One of the easiest foods to fix is fried potatoes. As a child growing up in the Deep South, one learned to be quick when fixing a meal over a hot stove. Get that grease good and hot! Whatever was going in that hot grease would not take long to cook. Now, if one could afford air conditioning, one did not have to deal with sweat pouring from one’s forehead.

I remember Mother doing her best to cook on those hot evenings. She would have all the windows opened and several fans turned on. But, it did not make any difference. Hot was hot! The fans only seemed to stir more hot air around the various rooms in our house.

If Mother knew that eating fried potatoes might give one cancer, she would have found an alternative solution. After all, Mother was a well-read individual.

Soaking potatoes in water before frying cuts down on the formation of the suspected carcinogen, ‘acrylamide,’ says a new British study.

According to team leader Rachel Burch, of Leatherhead Food International, there has been much research done by the food industry on ways to reduce acrylamide in processed foods, but less so on foods cooked at home.

“We wanted to explore ways of reducing the level of acrylamide in home cooking,” she said.

Acrylamide is created when starch-rich foods are cooked at high temperatures, through frying, baking, grilling, or roasting, according to background information in the study.

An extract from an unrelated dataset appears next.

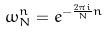<formula> <loc_0><loc_0><loc_500><loc_500>\omega _ { N } ^ { n } = e ^ { - \frac { 2 \pi i } { N } n }</formula>

Some research has suggested that acrylamide, which is found in a wide range of foods, may be harmful to health and may cause cancer in animals.

Researchers found that simply soaking potatoes in water before frying could significantly reduce the formation of acrylamide and any health risks it may pose.

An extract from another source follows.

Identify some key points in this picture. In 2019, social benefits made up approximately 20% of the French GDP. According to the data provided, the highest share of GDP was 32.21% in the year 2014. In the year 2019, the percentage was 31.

The researchers tried three different approaches. They washed raw French fries, soaked them for 30 minutes, and soaked them for two hours. This reduced acrylamide levels by up to 23%, 38%, and 48%, respectively, when the fries were cooked to a light color.

It’s not clear whether the same reductions could be achieved if French fries are cooked to a deep, dark brown, the researchers said.

The study was published in the Journal of the Science of Food and Agriculture.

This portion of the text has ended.